═════ AVAILABLE RECORDS

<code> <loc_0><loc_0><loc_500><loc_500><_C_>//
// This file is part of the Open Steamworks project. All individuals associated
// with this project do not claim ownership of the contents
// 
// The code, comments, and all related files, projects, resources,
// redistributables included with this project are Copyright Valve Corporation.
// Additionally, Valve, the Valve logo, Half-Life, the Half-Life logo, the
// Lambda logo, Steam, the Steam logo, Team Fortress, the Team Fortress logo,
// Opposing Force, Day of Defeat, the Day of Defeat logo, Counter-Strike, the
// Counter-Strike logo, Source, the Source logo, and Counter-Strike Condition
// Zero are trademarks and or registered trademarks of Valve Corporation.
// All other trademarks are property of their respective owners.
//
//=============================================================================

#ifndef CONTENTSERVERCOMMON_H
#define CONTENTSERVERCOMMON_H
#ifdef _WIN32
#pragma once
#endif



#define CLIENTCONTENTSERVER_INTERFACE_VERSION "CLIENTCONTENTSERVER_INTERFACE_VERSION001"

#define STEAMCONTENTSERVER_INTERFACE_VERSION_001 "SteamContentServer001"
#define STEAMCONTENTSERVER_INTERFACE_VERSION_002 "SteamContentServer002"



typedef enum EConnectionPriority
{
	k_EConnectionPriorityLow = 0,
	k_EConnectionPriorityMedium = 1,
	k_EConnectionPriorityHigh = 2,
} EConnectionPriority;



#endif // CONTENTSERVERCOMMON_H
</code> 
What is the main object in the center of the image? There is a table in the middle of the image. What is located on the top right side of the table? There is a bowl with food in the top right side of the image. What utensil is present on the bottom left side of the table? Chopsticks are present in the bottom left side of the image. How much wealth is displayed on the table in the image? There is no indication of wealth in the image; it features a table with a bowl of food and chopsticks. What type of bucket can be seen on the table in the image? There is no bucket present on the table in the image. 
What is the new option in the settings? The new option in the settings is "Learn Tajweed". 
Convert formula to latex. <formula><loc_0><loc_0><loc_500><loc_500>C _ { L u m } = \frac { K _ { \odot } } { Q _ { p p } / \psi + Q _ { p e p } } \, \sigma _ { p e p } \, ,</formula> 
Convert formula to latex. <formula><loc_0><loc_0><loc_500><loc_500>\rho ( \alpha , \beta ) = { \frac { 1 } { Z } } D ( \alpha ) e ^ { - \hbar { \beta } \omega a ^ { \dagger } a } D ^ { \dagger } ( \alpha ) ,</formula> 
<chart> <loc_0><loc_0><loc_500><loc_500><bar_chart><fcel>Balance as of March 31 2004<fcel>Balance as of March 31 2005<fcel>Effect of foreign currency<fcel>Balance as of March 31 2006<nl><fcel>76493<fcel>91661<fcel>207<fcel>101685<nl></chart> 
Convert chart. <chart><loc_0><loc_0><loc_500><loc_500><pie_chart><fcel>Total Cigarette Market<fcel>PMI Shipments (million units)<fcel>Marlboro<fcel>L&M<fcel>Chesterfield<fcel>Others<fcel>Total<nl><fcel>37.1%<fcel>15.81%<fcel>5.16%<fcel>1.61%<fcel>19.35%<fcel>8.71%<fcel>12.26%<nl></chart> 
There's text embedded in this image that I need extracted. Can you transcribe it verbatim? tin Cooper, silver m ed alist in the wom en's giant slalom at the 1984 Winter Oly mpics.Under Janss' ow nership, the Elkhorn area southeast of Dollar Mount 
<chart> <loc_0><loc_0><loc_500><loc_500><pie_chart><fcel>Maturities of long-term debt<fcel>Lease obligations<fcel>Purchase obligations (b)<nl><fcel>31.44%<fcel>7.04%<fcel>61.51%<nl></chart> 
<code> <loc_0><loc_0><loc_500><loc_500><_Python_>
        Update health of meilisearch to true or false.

══════════

*DIRECTIONS*: Each record above is to be given again without any change to its wording.

*RESULT FOR THIS TASK*:
<code> <loc_0><loc_0><loc_500><loc_500><_C_>//
// This file is part of the Open Steamworks project. All individuals associated
// with this project do not claim ownership of the contents
// 
// The code, comments, and all related files, projects, resources,
// redistributables included with this project are Copyright Valve Corporation.
// Additionally, Valve, the Valve logo, Half-Life, the Half-Life logo, the
// Lambda logo, Steam, the Steam logo, Team Fortress, the Team Fortress logo,
// Opposing Force, Day of Defeat, the Day of Defeat logo, Counter-Strike, the
// Counter-Strike logo, Source, the Source logo, and Counter-Strike Condition
// Zero are trademarks and or registered trademarks of Valve Corporation.
// All other trademarks are property of their respective owners.
//
//=============================================================================

#ifndef CONTENTSERVERCOMMON_H
#define CONTENTSERVERCOMMON_H
#ifdef _WIN32
#pragma once
#endif



#define CLIENTCONTENTSERVER_INTERFACE_VERSION "CLIENTCONTENTSERVER_INTERFACE_VERSION001"

#define STEAMCONTENTSERVER_INTERFACE_VERSION_001 "SteamContentServer001"
#define STEAMCONTENTSERVER_INTERFACE_VERSION_002 "SteamContentServer002"



typedef enum EConnectionPriority
{
	k_EConnectionPriorityLow = 0,
	k_EConnectionPriorityMedium = 1,
	k_EConnectionPriorityHigh = 2,
} EConnectionPriority;



#endif // CONTENTSERVERCOMMON_H
</code> 
What is the main object in the center of the image? There is a table in the middle of the image. What is located on the top right side of the table? There is a bowl with food in the top right side of the image. What utensil is present on the bottom left side of the table? Chopsticks are present in the bottom left side of the image. How much wealth is displayed on the table in the image? There is no indication of wealth in the image; it features a table with a bowl of food and chopsticks. What type of bucket can be seen on the table in the image? There is no bucket present on the table in the image. 
What is the new option in the settings? The new option in the settings is "Learn Tajweed". 
Convert formula to latex. <formula><loc_0><loc_0><loc_500><loc_500>C _ { L u m } = \frac { K _ { \odot } } { Q _ { p p } / \psi + Q _ { p e p } } \, \sigma _ { p e p } \, ,</formula> 
Convert formula to latex. <formula><loc_0><loc_0><loc_500><loc_500>\rho ( \alpha , \beta ) = { \frac { 1 } { Z } } D ( \alpha ) e ^ { - \hbar { \beta } \omega a ^ { \dagger } a } D ^ { \dagger } ( \alpha ) ,</formula> 
<chart> <loc_0><loc_0><loc_500><loc_500><bar_chart><fcel>Balance as of March 31 2004<fcel>Balance as of March 31 2005<fcel>Effect of foreign currency<fcel>Balance as of March 31 2006<nl><fcel>76493<fcel>91661<fcel>207<fcel>101685<nl></chart> 
Convert chart. <chart><loc_0><loc_0><loc_500><loc_500><pie_chart><fcel>Total Cigarette Market<fcel>PMI Shipments (million units)<fcel>Marlboro<fcel>L&M<fcel>Chesterfield<fcel>Others<fcel>Total<nl><fcel>37.1%<fcel>15.81%<fcel>5.16%<fcel>1.61%<fcel>19.35%<fcel>8.71%<fcel>12.26%<nl></chart> 
There's text embedded in this image that I need extracted. Can you transcribe it verbatim? tin Cooper, silver m ed alist in the wom en's giant slalom at the 1984 Winter Oly mpics.Under Janss' ow nership, the Elkhorn area southeast of Dollar Mount 
<chart> <loc_0><loc_0><loc_500><loc_500><pie_chart><fcel>Maturities of long-term debt<fcel>Lease obligations<fcel>Purchase obligations (b)<nl><fcel>31.44%<fcel>7.04%<fcel>61.51%<nl></chart> 
<code> <loc_0><loc_0><loc_500><loc_500><_Python_>
        Update health of meilisearch to true or false.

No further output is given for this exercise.